God damn you, nVidia! Q4 is too late.. why didn't you make it a summer release like last year?


----------



## Mussels (Apr 23, 2009)

Weer said:


> God damn you, nVidia! Q4 is too late.. why didn't you make it a summer release like last year?



Q4 will be a summer release.

(hint: other hemisphere)


----------



## Weer (Apr 23, 2009)

suraswami said:


> my X800GTO on 8x PCIE played Crysis fine.



That simply borders on the definition of "runs."
For some people 1024x768 @ Medium with 30 FPS = "runs."
For me, it's 1920x1200 @ High with 40+ FPS.


----------



## Weer (Apr 23, 2009)

Mussels said:


> Q4 will be a summer release.
> 
> (hint: other hemisphere)



Other what? Are they using the fiscal year? Explain.


----------



## Mussels (Apr 23, 2009)

Weer said:


> That simply borders on the definition of "runs."
> For some people 1024x768 @ Medium with 30 FPS = "runs."
> For me, it's 1920x1200 @ High with 40+ FPS.



for me its 1920x1080 with 8x aa at 100 FPS 

stupid crysis, i struggle for 60 FPS on very high with no AA.


----------



## btarunr (Apr 23, 2009)

Weer said:


> Other what? Are they using the fiscal year? Explain.



Isn't it spring~summer in the southern hemisphere when its autumn~winter in the north?


----------



## Weer (Apr 23, 2009)

Mussels said:


> for me its 1920x1080 with 8x aa at 100 FPS
> 
> stupid crysis, i struggle for 60 FPS on very high with no AA.



Actually, now it's 2560x1600 @ Very High with 4xAA, for me. But, the only thing that will run that is the new card released in December (Q4).


----------



## Weer (Apr 23, 2009)

btarunr said:


> Isn't it summer in the southern hemisphere when its winter in the north?
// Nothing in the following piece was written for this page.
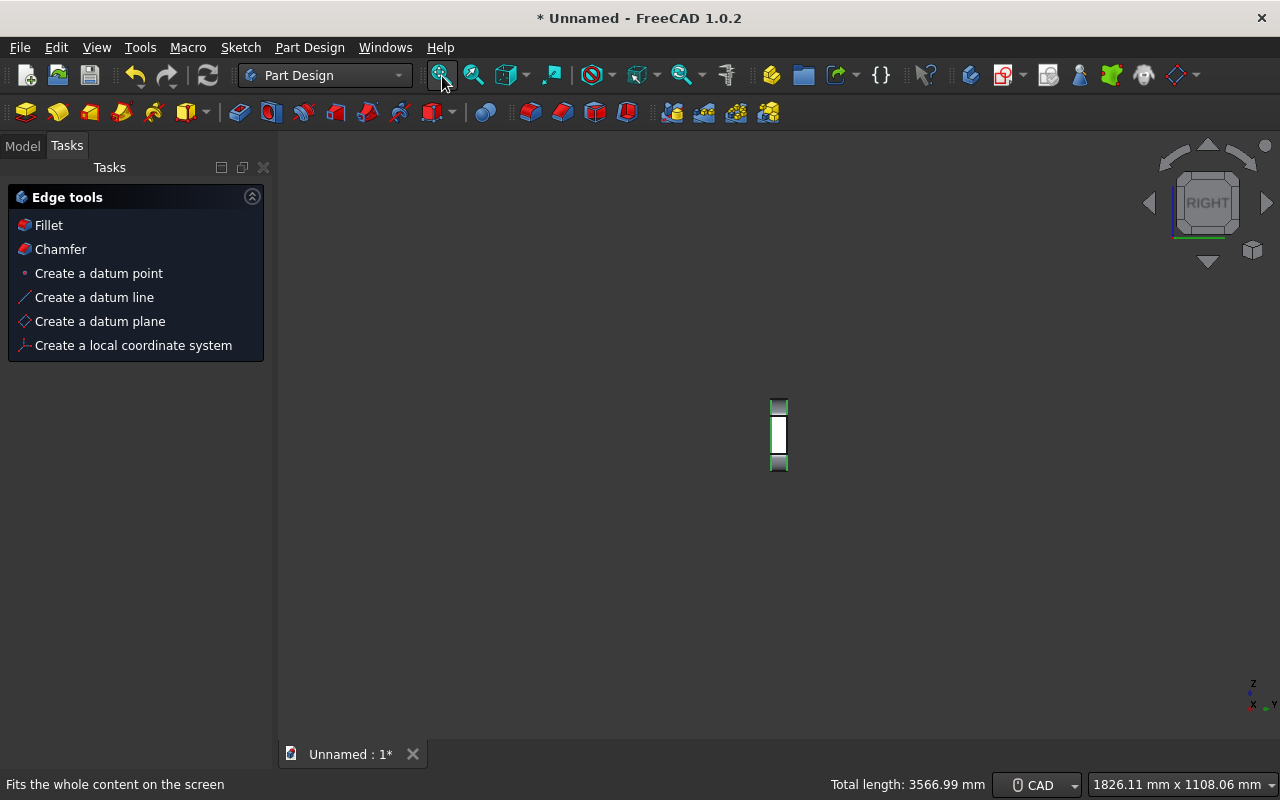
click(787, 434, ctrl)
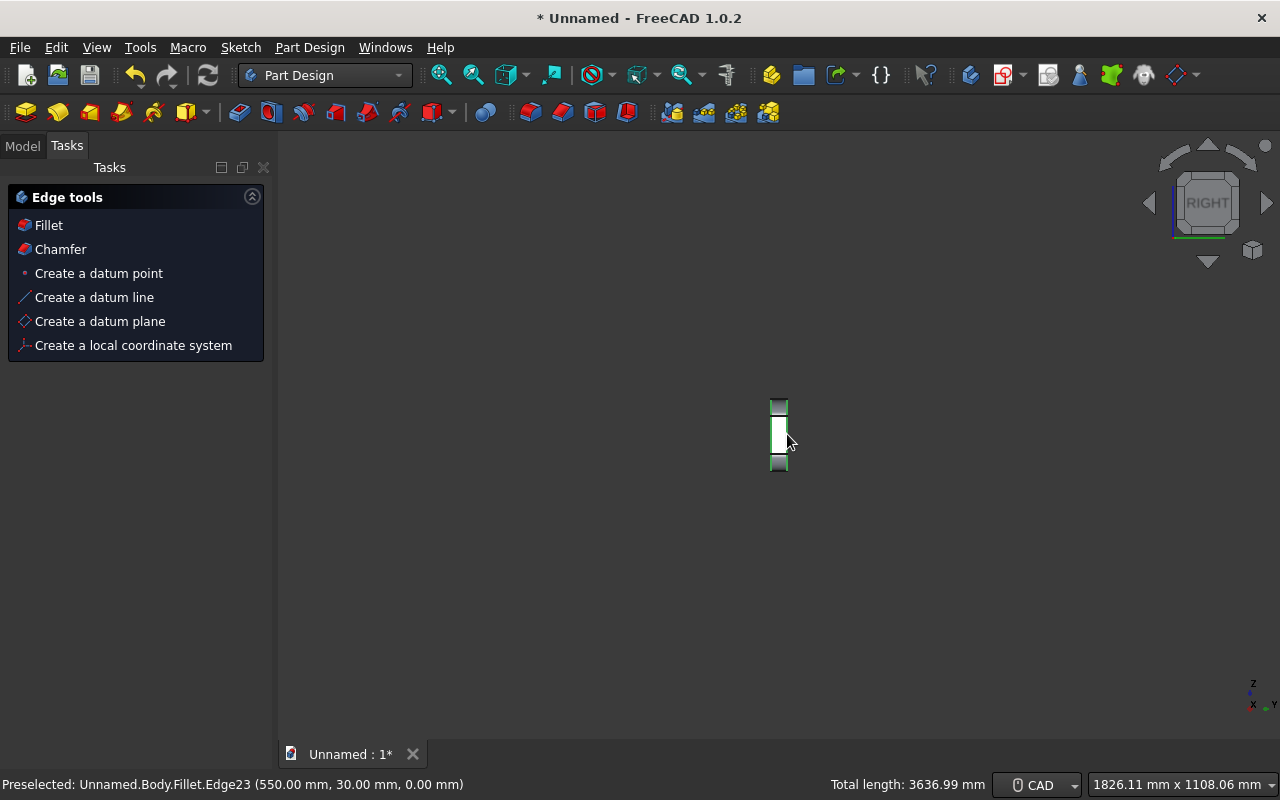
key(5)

I don't live in Australia! It's the time between now and the release (end of 2009), not the temperature outside that I care about. Last year, GT200 was released in Q2.


----------



## Tatty_One (Apr 23, 2009)

I think I will be sticking with my 4870x2 and GTX275 until these babies come out, I just have to have one!  I am sure though that ATi will pull something decent out of the bag as well though........ wonders how much these might cost.


----------



## renozi (Apr 23, 2009)

oh my poor 295  I'm hoping it cost so much that I won't get it until 2010!


----------



## btarunr (Apr 23, 2009)

Weer said:


> I don't live in Australia! It's the time between now and the release (end of 2009), not the temperature outside that I care about. Last year, GT200 was released in Q2.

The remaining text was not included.